British screenwriter and playwright

Tom Dalton Bidwell (born February 1984) is a BAFTA and Emmy winning British screenwriter and playwright.

==Early life==
Bidwell was born and raised in Leyland, Lancashire and attended Balshaw's Church of England High School. He was diagnosed with Non-Hodgkin lymphoma in 1999, at the age of 14, and wrote poetry while awaiting a bone marrow transplant. He developed cancer in his shoulder at the age of 15, which was successfully treated. He completed his GCSEs and later obtained a degree in English and Drama at university.

==Career==
After writing plays, Bidwell got his break through a BBC Radio 4 play, later adapted into a 2009 short film, Wish 143. The story focuses on a terminally ill teenager who wishes to lose his virginity. It would go on to be nominated for an Academy Award in 2011 for Best Live Action Short Film. He was awarded a place on the BBC Writer's Academy, a programme designed to train new writers for their long running television series. He went on to write for all four of the BBC's popular continuing dramas: Doctors, EastEnders, Casualty and its spinoff, Holby City.

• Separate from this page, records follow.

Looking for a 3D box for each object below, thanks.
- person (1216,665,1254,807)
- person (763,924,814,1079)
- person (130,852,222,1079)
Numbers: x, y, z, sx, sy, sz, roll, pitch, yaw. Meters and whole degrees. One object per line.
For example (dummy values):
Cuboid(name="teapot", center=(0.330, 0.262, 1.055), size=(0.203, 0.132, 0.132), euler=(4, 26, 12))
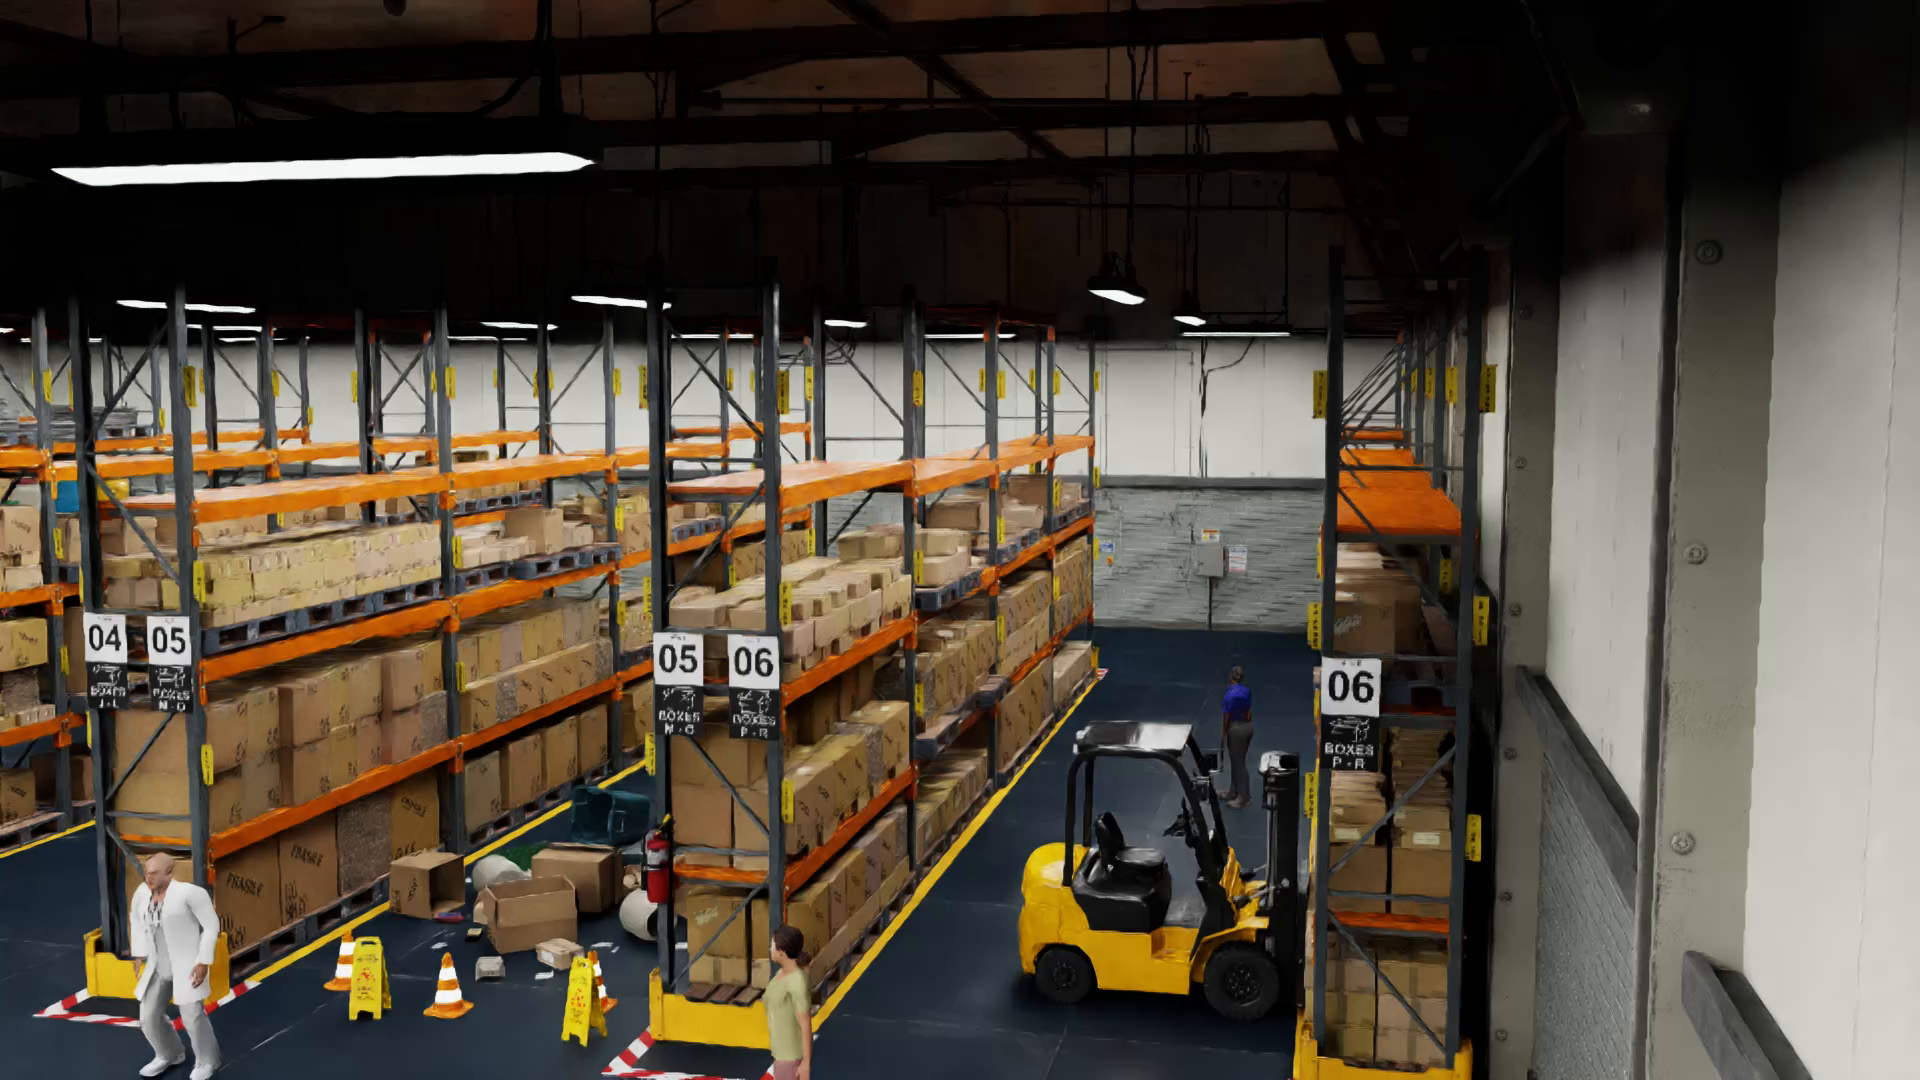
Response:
Cuboid(name="person", center=(3.293, 2.318, 19.925), size=(0.557, 1.650, 0.587), euler=(4, 7, 36))
Cuboid(name="person", center=(-1.033, 3.267, 10.514), size=(0.373, 1.666, 0.563), euler=(-2, 6, -16))
Cuboid(name="person", center=(-5.711, 3.087, 12.116), size=(0.729, 1.733, 0.546), euler=(1, 6, 12))

Bidwell went on to work on the E4 teen comedy-drama My Mad Fat Diary. The series was nominated for multiple BAFTA awards. Bidwell was approached by MTV to work on an American remake of the series, which was not made. In July 2014, it was announced that BBC would be airing a new animated serial of Watership Down, helmed by Bidwell. The series was a co-production between BBC and Netflix, with a budget of £20 million. The drama won a Daytime Emmy Award for Outstanding Special Class Animated Program.

On 20 December 2018, it was announced that Netflix was planning a new adventure series with Bidwell, The Irregulars, based on the Baker Street Irregulars from the Sherlock Holmes novels. Bidwell described the program as "my dream project and my oldest idea" and it takes a different view of Holmes and his relationship to the Irregulars, which has the band of street kids solve cases. The eight-episode The Irregulars premiered on 26 March 2021.

He has worked on two adaptations of Jaqueline Wilson novels- Katy and The Primrose Railway Children. For the former he won the BAFTA for best writer at the Children's BAFTAs in 2018.

Bidwell scripted an animated adaptation of The Velveteen Rabbit, which would stream on 22 November 2023 on Apple TV+. It features Phoenix Laroche and the voices of Alex Lawther, Helena Bonham Carter, Nicola Coughlan. The show went on to win two Emmys at the Children and Family Emmy Awards held in Los Angeles in 2025 and the BAFTA for Children's Craft Team.

==Personal life==
Bidwell still lives in Towngate area of Leyland with his American wife Lorraine Metz. In 2018 he volunteered to help pupils at Frenchwood Community Primary School in Preston with their story-making skills, in a visit organised through teacher Jane Bidwell, his sister-in-law.